▶ Task
Exact wording is required: transcribe all the entries and leave the images out.

(Dataset excerpts)
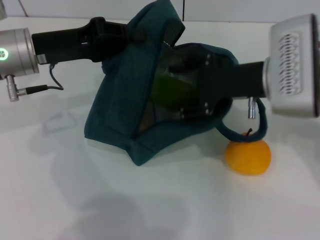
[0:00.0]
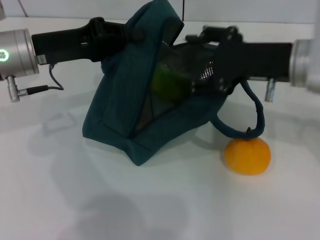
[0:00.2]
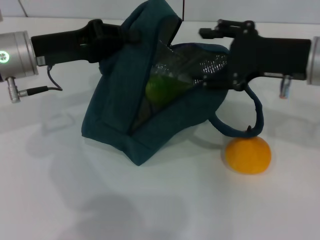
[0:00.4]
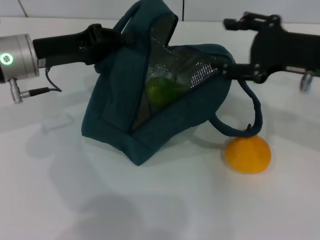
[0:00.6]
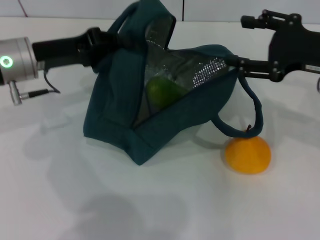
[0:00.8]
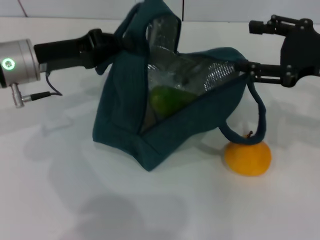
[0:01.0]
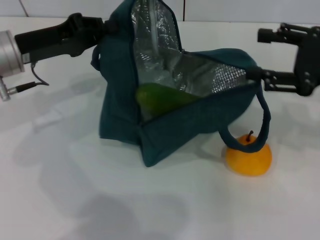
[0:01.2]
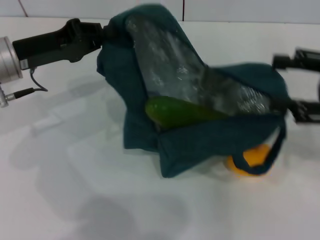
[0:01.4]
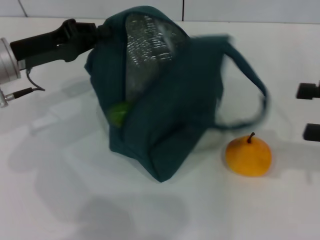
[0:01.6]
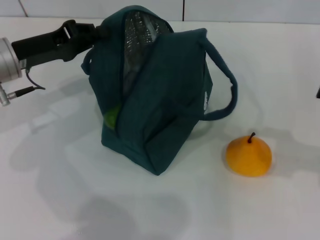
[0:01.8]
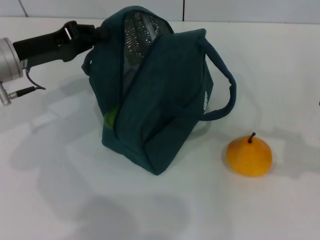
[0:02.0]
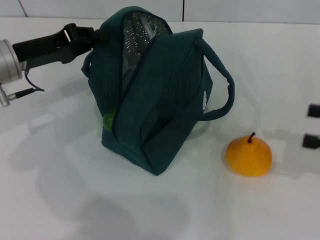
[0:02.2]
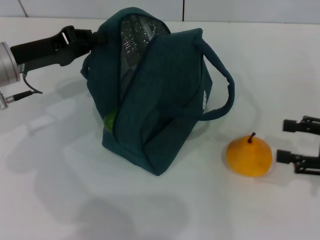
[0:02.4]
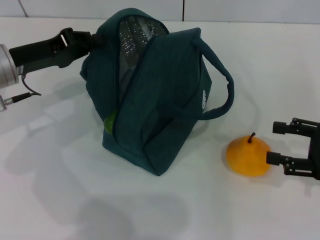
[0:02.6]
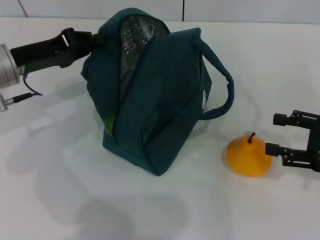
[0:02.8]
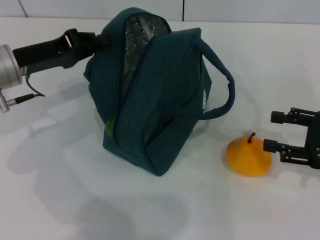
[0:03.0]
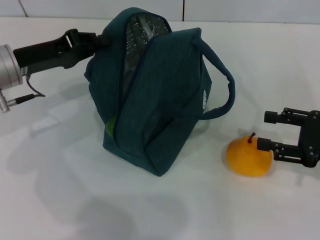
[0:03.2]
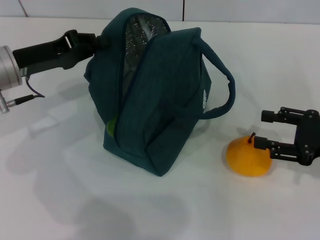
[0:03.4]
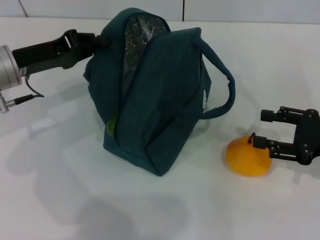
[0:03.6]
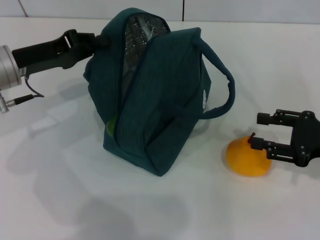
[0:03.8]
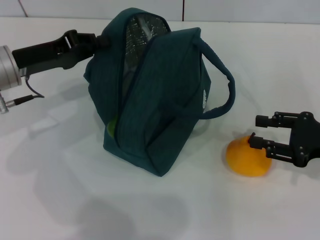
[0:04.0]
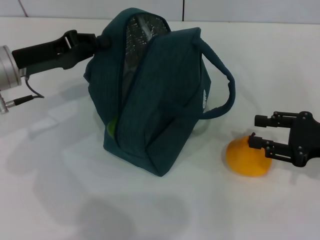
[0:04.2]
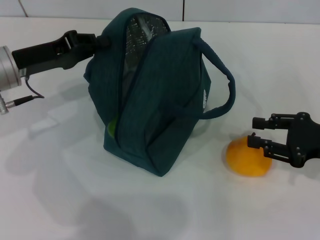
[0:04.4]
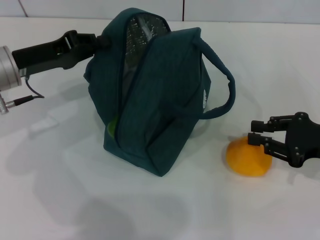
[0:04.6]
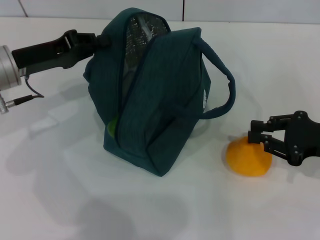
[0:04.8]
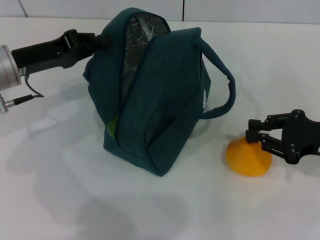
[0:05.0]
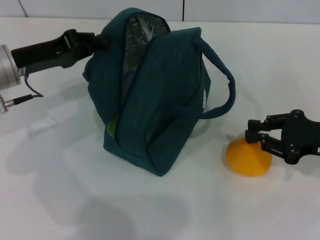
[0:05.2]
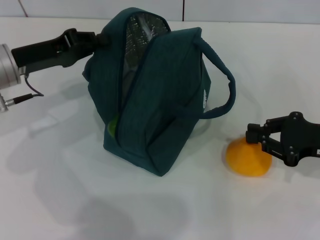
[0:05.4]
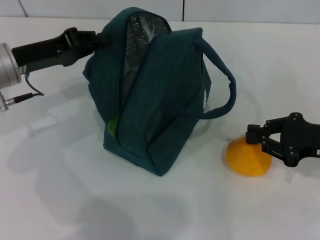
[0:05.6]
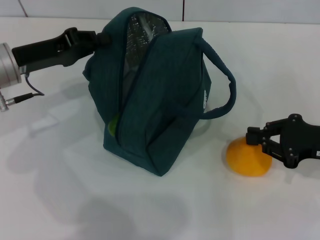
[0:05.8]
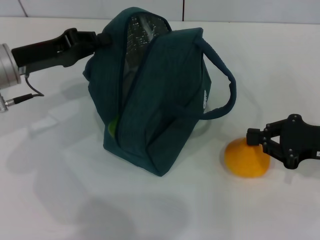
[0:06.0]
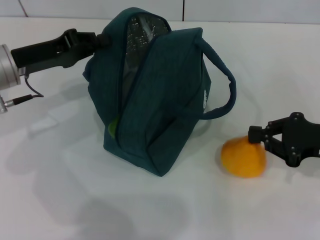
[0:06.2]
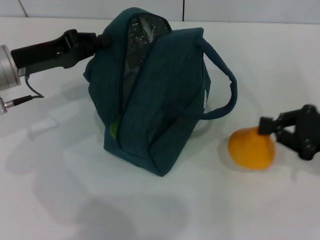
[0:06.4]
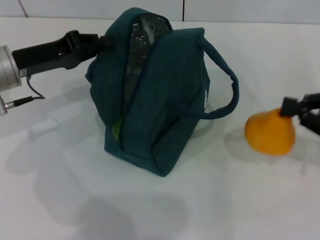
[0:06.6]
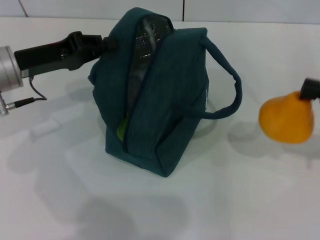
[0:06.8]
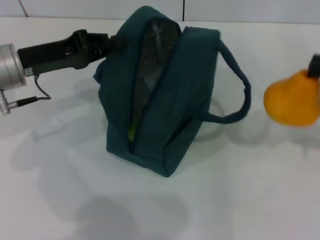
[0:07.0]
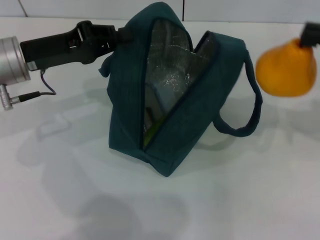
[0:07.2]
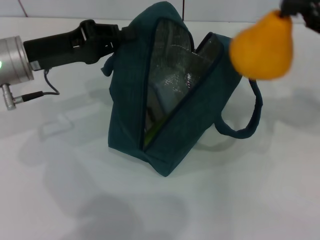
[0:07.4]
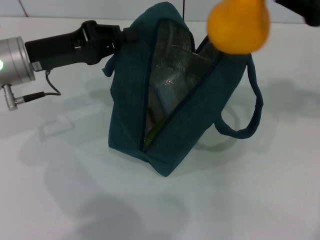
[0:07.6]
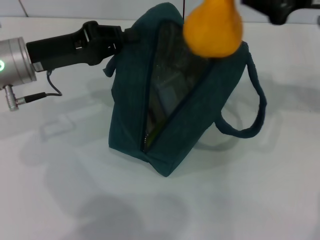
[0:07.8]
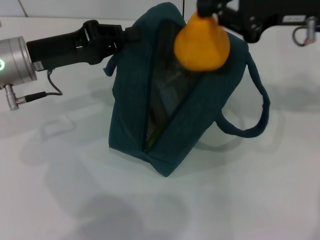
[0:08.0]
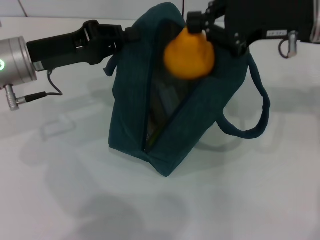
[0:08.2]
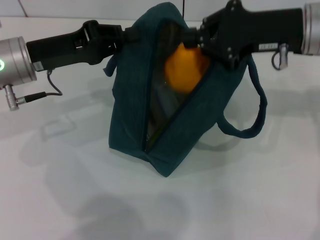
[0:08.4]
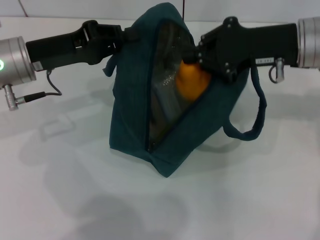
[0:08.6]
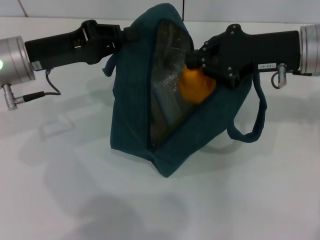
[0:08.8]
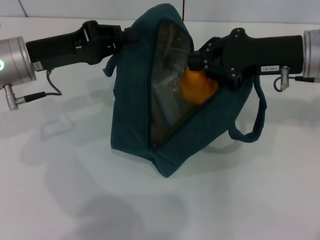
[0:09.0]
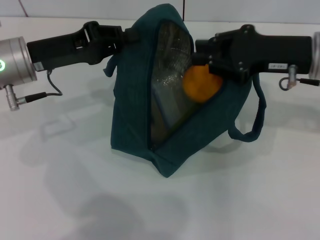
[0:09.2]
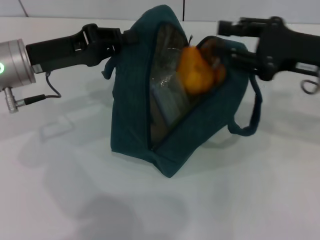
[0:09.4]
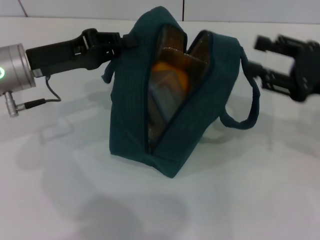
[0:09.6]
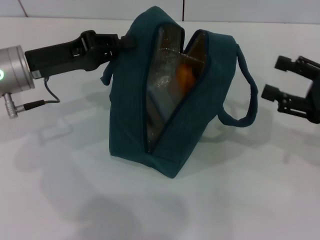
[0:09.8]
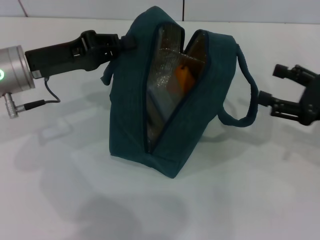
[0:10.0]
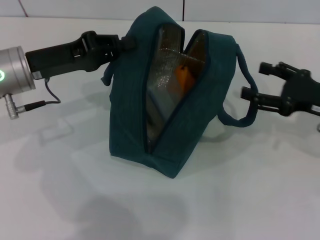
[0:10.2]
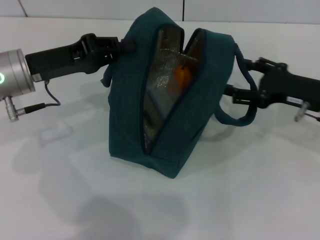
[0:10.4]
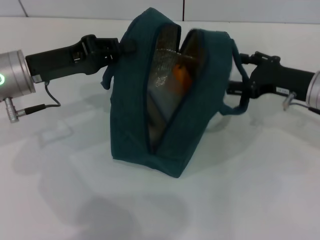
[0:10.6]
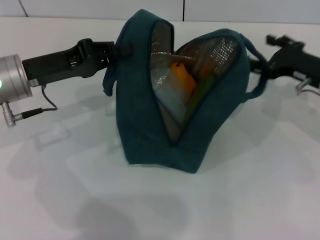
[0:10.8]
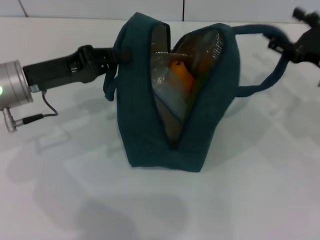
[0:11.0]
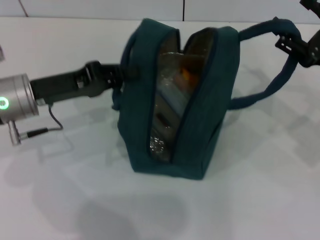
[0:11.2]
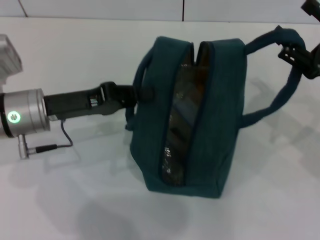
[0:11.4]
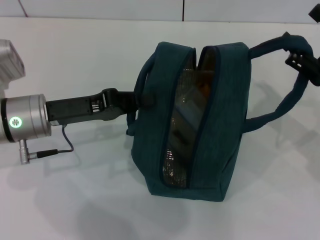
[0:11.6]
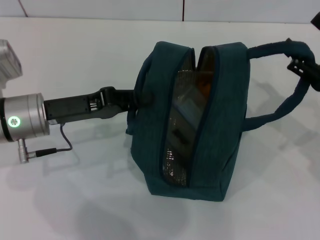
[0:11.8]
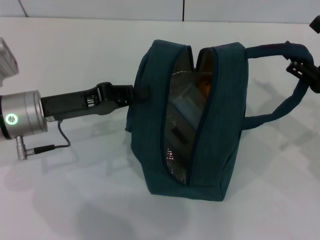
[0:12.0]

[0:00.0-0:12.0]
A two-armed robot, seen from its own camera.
Step, 0:00.4 to 0:05.6: Grab the pear with your right hand.
0:00.0 to 0:01.6: The right gripper travels to the right by approximately 20 cm.
0:01.6 to 0:03.0: The right gripper is displaced downward by approximately 10 cm.
0:03.0 to 0:04.4: The grippers stay close to where they were, moving slightly.
0:04.4 to 0:06.0: The right gripper closes up.
0:06.0 to 0:07.6: The right gripper is displaced upward by some 15 cm.
0:07.6 to 0:09.0: The right gripper travels downward and to the left by some 10 cm.
0:09.0 to 0:10.4: The right gripper is displaced downward and to the right by about 10 cm, and opens its fingers.
0:10.4 to 0:12.0: The right gripper travels backward by roughly 5 cm.

▶ The completed task
[0:00.0]
[0:00.2]
[0:00.4]
[0:00.6]
[0:00.8]
[0:01.0]
[0:01.2]
[0:01.4]
[0:01.6]
[0:01.8]
[0:02.0]
[0:02.2]
[0:02.4]
[0:02.6]
[0:02.8]
[0:03.0]
[0:03.2]
[0:03.4]
[0:03.6]
[0:03.8]
[0:04.0]
[0:04.2]
[0:04.4]
[0:04.6]
[0:04.8]
[0:05.0]
[0:05.2]
[0:05.4]
[0:05.6]
[0:05.8]
[0:06.0]
[0:06.2]
[0:06.4]
[0:06.6]
[0:06.8]
[0:07.0]
[0:07.2]
[0:07.4]
[0:07.6]
[0:07.8]
[0:08.0]
[0:08.2]
[0:08.4]
[0:08.6]
[0:08.8]
[0:09.0]
[0:09.2]
[0:09.4]
[0:09.6]
[0:09.8]
[0:10.0]
[0:10.2]
[0:10.4]
[0:10.6]
[0:10.8]
[0:11.0]
[0:11.2]
[0:11.4]
[0:11.6]
[0:11.8]
[0:12.0]

[0:00.0-0:12.0]
A two-armed robot, seen from its own camera.
Step, 0:00.4 to 0:05.6: Grab the pear with your right hand.
0:00.0 to 0:01.6: The right gripper travels to the right by approximately 20 cm.
0:01.6 to 0:03.0: The right gripper is displaced downward by approximately 10 cm.
0:03.0 to 0:04.4: The grippers stay close to where they were, moving slightly.
0:04.4 to 0:06.0: The right gripper closes up.
0:06.0 to 0:07.6: The right gripper is displaced upward by some 15 cm.
0:07.6 to 0:09.0: The right gripper travels downward and to the left by some 10 cm.
0:09.0 to 0:10.4: The right gripper is displaced downward and to the right by about 10 cm, and opens its fingers.
0:10.4 to 0:12.0: The right gripper travels backward by roughly 5 cm.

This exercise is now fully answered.